To get the largely white male engineers at Bell Labs to accommodate themselves to the program, the company required us to attend what became known as “white male guilt sessions,” where a paid professional activist would berate us for our sins. Not our sins, actually — after all, most of us were fresh out of school — but past sins of people who looked like us, not against the women and minorities employed alongside us, but against people who looked like them in days gone by.

I shrugged off any personal concerns about competing under an imposed handicap, even as people in protected categories got special consideration for promotions and pay raises. But I did find one aspect of the program incomprehensible. The criteria for checking the box for female or African American (save some mixed race colleagues) was perfectly clear. But how did one qualify as Hispanic? The answer we got was that you had to have a Hispanic surname. So if your last name was Rodriguez, you got Protected Class status. It didn’t matter if you were a blond-haired, blue-eyed WASP who could trace his lineage back to the founding fathers. All that mattered was your name.

Fast forward 40 years. The number of Protected Classes under various state and federal antidiscrimination programs have not declined even as society has grown more tolerant and inclusive. Instead, the list has swelled to include all sorts of designated categories of people who government insists deserve special treatment from private parties. For various programs and purposes, these reasons include being over 40, having certain disabilities (including alcoholism), practicing certain religious creeds, having a foreign national origin, harboring non heteronormative sexual preferences, and proclaiming yourself to be of certain gender not determined by your chromosomes. That last one is quite fascinating. Take a look at the 58 most recent self-declared genders, a field of fervent academic study generating new gender designations at a pretty steady clip.

Confused?

For a while, falsely pretending to be a member of a Protected Class to gain benefits was widely considered cheating. An expose by an Indian American who got admitted to medical school despite low grades by shaving his head and pretending to be African American recently became a media sensation. And then there’s Massachusetts Senator Elizabeth Warren’s unsubstantiated claim of being Native American when applying for a faculty position at Harvard.
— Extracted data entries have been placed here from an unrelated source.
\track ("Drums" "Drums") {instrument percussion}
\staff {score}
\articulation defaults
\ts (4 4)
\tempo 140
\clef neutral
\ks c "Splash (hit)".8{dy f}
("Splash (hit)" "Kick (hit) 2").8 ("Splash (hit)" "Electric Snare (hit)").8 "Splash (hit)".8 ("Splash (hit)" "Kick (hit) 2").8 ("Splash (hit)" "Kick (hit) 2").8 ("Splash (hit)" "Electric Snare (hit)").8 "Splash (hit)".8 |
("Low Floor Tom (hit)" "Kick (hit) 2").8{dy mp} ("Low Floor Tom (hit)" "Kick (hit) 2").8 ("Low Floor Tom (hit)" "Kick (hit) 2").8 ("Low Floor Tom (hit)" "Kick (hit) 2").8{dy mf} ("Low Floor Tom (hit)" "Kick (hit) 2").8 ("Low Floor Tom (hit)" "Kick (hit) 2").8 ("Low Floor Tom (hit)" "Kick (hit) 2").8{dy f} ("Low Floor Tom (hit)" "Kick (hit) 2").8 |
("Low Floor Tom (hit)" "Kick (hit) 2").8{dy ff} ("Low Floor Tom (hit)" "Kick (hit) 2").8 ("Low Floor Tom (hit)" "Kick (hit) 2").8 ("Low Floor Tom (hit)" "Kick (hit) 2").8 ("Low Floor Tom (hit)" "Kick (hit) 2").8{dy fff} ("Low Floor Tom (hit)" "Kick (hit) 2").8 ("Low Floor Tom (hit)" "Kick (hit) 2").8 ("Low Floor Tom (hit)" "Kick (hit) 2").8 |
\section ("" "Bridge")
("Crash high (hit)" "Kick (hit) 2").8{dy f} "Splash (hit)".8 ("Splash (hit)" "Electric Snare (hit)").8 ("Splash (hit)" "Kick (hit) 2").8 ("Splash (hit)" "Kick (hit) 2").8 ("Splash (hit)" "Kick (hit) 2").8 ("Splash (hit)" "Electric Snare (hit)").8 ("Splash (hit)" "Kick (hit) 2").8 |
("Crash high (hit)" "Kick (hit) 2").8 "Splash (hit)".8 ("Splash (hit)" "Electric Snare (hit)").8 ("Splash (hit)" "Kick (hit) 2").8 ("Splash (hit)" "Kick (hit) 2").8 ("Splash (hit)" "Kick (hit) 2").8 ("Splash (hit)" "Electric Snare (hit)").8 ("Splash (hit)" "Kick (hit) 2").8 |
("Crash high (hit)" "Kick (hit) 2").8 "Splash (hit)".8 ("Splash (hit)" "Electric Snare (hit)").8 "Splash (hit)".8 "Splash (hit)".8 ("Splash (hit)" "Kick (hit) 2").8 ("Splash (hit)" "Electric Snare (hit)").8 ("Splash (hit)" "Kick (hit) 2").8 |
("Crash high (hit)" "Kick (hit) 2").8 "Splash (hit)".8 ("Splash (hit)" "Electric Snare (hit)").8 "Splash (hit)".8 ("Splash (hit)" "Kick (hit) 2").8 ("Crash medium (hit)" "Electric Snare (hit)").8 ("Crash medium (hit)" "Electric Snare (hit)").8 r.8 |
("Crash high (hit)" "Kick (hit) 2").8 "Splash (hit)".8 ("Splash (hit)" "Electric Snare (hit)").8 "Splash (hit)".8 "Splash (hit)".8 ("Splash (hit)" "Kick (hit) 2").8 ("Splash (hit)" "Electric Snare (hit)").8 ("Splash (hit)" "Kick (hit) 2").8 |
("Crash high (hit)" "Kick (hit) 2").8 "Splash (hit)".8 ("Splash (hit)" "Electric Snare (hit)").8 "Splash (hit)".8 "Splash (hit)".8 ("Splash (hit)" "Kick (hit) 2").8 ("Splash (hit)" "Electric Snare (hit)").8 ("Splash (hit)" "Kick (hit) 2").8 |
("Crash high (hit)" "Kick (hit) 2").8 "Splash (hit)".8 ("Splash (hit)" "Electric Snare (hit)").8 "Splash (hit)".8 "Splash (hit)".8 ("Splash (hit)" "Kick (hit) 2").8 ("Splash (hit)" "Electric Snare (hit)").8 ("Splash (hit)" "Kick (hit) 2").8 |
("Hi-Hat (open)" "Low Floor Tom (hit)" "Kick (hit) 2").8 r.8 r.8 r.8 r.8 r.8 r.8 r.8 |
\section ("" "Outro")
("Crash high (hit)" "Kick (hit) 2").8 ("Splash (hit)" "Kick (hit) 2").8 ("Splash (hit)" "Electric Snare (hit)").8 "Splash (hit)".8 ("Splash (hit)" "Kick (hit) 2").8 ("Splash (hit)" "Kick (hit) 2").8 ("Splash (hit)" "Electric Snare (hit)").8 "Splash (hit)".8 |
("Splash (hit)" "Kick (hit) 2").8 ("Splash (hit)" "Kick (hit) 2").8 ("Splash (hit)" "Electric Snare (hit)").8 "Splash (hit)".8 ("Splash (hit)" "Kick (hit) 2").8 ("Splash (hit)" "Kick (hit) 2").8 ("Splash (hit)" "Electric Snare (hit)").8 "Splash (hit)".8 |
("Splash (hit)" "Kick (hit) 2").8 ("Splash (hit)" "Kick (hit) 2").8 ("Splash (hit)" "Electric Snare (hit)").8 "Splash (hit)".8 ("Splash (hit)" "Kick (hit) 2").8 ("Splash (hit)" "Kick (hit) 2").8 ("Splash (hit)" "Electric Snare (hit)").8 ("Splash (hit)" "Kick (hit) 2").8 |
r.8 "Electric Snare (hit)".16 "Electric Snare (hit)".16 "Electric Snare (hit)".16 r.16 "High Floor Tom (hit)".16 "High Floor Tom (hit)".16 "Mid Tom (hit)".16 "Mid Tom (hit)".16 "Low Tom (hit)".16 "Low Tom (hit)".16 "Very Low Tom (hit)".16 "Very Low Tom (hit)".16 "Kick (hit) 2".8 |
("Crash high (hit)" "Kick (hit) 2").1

Examples of outright cheating are hardly arguments that a system itself is broken, but what happens when it becomes obvious that anyone can obtain Protected Class status by self-affirmation? One no longer needs to claim remote ancestry that can’t be easily disproven. Under our postmodern understanding of gender and sexuality, who is to say whether my professed gender identity and sexual preferences are or are not genuine? It reminds me of the days you could beat the draft by claiming to be homosexual. Who could prove otherwise?

If the trend of increasing the number of Protected Classes continues – and there’s no reason to believe it won’t as more identity groups lobby for inclusion – perhaps the system will finally break down. At some point, doesn’t it get easier just to identify the groups not designated to get special treatment?